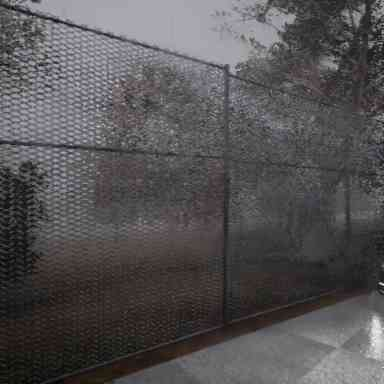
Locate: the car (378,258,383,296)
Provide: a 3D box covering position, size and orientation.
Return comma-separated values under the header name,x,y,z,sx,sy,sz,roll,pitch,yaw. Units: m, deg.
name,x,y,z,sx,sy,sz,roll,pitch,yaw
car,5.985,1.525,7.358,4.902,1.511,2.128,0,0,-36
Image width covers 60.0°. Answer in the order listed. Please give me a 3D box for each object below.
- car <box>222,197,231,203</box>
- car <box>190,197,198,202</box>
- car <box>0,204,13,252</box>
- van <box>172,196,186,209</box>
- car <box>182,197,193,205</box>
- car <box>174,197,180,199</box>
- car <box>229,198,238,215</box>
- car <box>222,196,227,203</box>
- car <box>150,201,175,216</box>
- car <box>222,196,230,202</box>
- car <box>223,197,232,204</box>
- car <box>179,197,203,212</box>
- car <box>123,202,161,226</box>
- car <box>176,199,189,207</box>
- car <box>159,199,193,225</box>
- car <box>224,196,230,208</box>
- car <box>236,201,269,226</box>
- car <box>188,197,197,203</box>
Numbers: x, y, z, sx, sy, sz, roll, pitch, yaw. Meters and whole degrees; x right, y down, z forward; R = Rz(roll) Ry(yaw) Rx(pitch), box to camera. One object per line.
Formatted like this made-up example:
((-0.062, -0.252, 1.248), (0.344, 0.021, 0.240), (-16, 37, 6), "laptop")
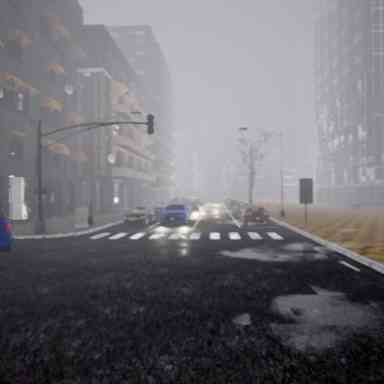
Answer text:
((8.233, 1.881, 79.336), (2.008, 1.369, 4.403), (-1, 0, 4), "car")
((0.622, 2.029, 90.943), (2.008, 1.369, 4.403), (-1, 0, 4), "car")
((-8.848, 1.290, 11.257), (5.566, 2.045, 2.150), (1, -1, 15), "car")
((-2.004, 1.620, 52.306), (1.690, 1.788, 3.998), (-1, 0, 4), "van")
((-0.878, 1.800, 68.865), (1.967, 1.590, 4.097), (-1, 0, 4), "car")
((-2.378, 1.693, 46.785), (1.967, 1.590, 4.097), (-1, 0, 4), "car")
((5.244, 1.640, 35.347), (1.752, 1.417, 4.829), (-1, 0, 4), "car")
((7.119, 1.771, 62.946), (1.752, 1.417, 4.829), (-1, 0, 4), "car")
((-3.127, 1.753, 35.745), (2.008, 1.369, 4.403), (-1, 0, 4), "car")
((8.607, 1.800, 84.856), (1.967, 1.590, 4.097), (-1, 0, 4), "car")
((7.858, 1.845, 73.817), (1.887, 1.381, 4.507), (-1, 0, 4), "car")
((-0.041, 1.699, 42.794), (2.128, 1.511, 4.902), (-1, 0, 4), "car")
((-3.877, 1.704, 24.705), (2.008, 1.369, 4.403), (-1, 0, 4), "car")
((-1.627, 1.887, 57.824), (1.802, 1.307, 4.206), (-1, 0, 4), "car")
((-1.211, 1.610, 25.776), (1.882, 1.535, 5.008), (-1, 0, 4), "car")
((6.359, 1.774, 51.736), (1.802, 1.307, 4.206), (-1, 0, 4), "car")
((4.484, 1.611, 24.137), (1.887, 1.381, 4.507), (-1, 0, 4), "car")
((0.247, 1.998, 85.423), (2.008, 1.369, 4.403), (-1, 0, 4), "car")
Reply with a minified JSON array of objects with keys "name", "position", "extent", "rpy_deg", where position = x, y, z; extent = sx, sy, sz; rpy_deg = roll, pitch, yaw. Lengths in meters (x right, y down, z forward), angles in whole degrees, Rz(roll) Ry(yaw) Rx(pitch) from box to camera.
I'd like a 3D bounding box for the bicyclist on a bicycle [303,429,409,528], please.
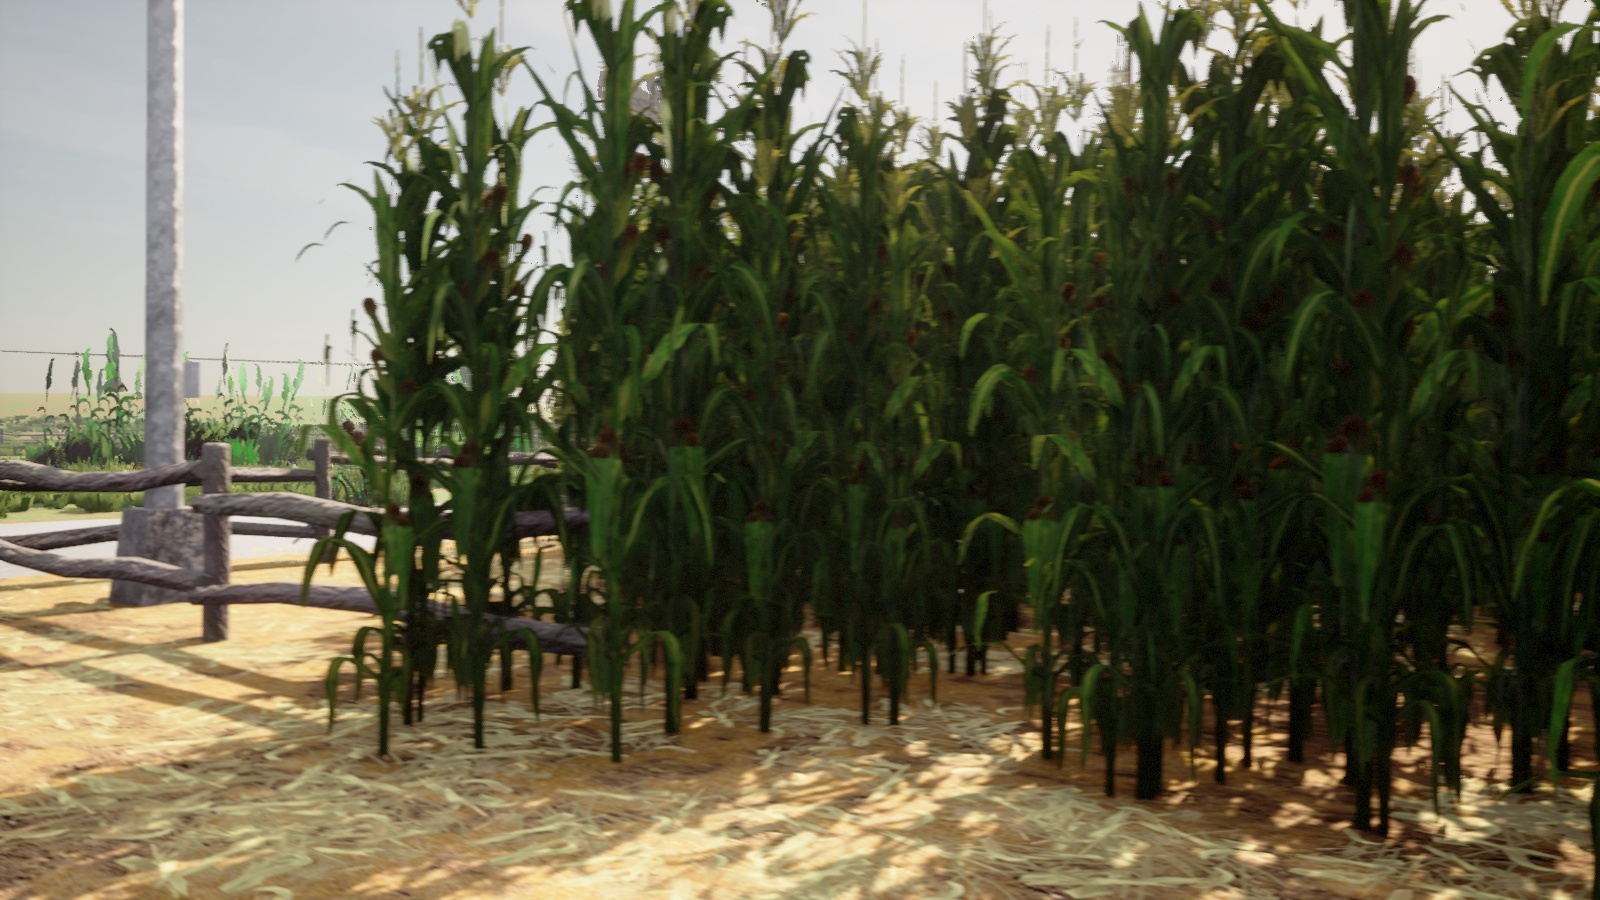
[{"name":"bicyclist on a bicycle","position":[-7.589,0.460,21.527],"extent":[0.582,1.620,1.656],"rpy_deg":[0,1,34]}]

___

--- WHAT YOU HAVE TO DO ---
Reproduce the records exactly, starting with their first line and ending with the line that contains "- car <box>0,204,13,252</box>", though pictures should be dropped.

--- SOLUTION ---
Locate: the car (378,258,383,296)
Provide: a 3D box covering position, size and orientation.
Return comma-separated values under the header name,x,y,z,sx,sy,sz,roll,pitch,yaw. Units: m, deg.
name,x,y,z,sx,sy,sz,roll,pitch,yaw
car,5.985,1.525,7.358,4.902,1.511,2.128,0,0,-36
Image width covers 60.0°. Answer in the order listed. Please give me a 3D box for each object below.
- car <box>222,197,231,203</box>
- car <box>190,197,198,202</box>
- car <box>0,204,13,252</box>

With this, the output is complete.